### Why do this problem?

This
problem begins with a simple paper fold, which leads to an
elegant result. Learners need to estimate lengths and work
accurately to construct and measure lines. Once they have made a
conjecture it can be justified with geometrical arguments using
angles and ratio. To prove the results knowledge of similar
triangles is needed, but the problem could equally well be used as
an introduction to the idea of similarity.

### Possible approach

Start by giving everyone a square of paper which they can fold
according to the diagrams. Encourage them to measure as accurately
as possible the two sections of the diagonal which are formed.
Collect together some measurements and ask what the learners
notice. What do they think would happen with squares of different
sizes? In order to collect a lot of data in a short space of time,
small groups could create different sized squares and construct the
lines and measure them, sharing the results within their
group.

Once a pattern has emerged bring the class together and ask
what they have found. Some learners will be convinced that the
relationship will always hold because they have tried it with lots
of examples, so there is a good opportunity to discuss the
distinction between demonstration and mathematical proof.

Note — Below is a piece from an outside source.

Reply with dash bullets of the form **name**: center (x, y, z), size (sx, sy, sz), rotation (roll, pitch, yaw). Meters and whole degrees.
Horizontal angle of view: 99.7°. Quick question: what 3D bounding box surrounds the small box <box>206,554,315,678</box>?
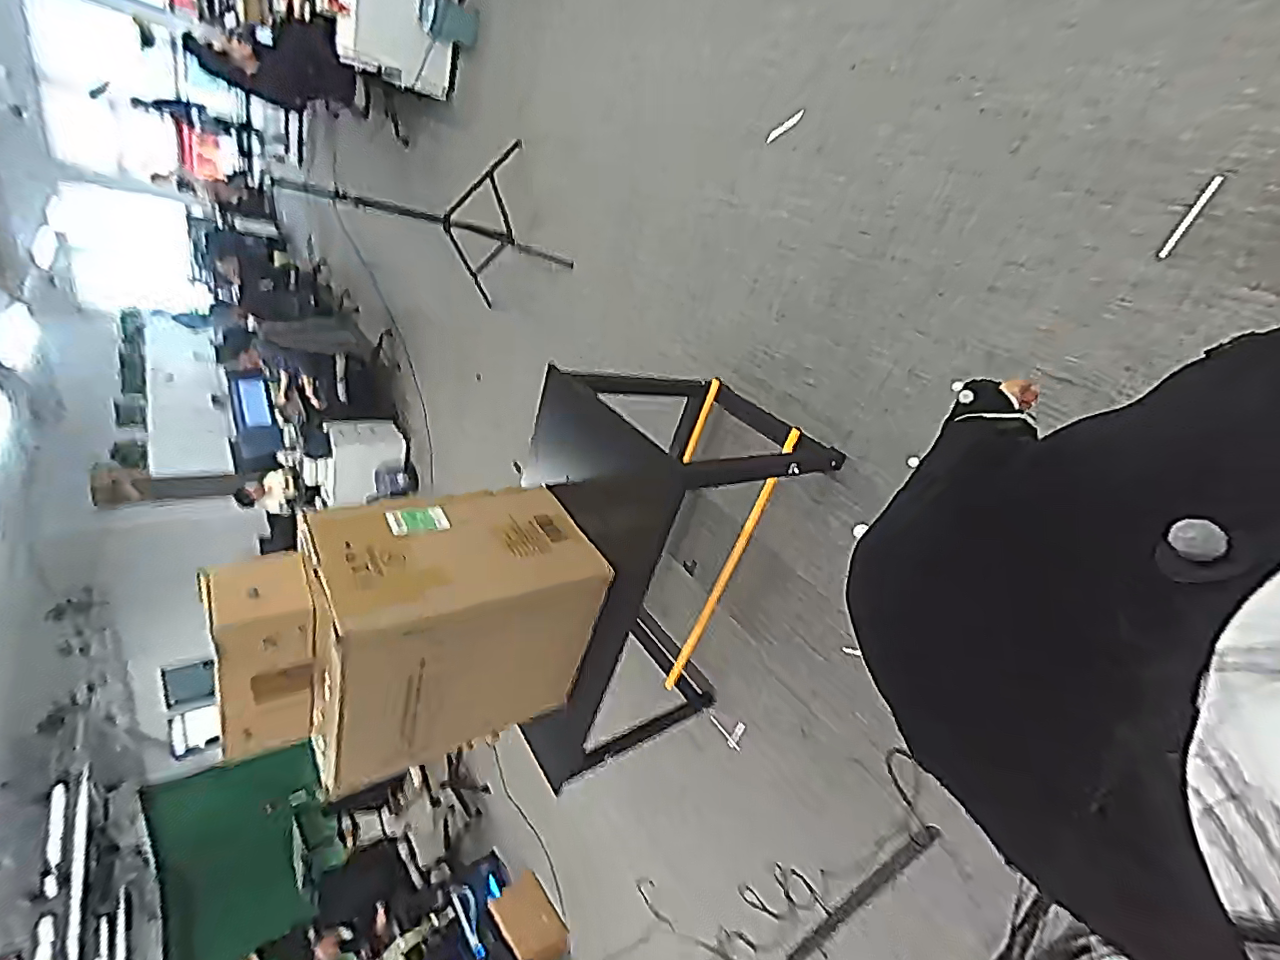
- **small box**: center (-0.793, 0.276, 1.137), size (0.179, 0.176, 0.168), rotation (46, 128, 38)

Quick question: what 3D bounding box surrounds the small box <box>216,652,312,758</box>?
- **small box**: center (-0.869, 0.495, 1.251), size (0.168, 0.176, 0.179), rotation (44, 124, 39)

In order to justify formally what they have noticed, learners
might find it useful to discuss what they know to be true, and what
a convincing argument shows to be true. This might be for example
that certain angles are equal.

Once pairs of equal angles are identified a route to a proof
becomes clearer.

The last part of the question asks about other quadrilaterals. Some
learners will be secure enough in the proof for squares to attempt
to prove or disprove the cases for other quadrilaterals straight
away without the need for accurate diagrams or folding.

### Key questions

What does it look like the folds are doing to the lines?

How could you verify what you think is true?

What other mathematics do you know that might be useful
here?

Does this work for other quadrilaterals?

### Possible extension

The problem

Take
a Square II builds on these ideas and extends them to different
fractions of the line.

### Possible support

The problem

Two
Ladders could be used to investigate similar triangles.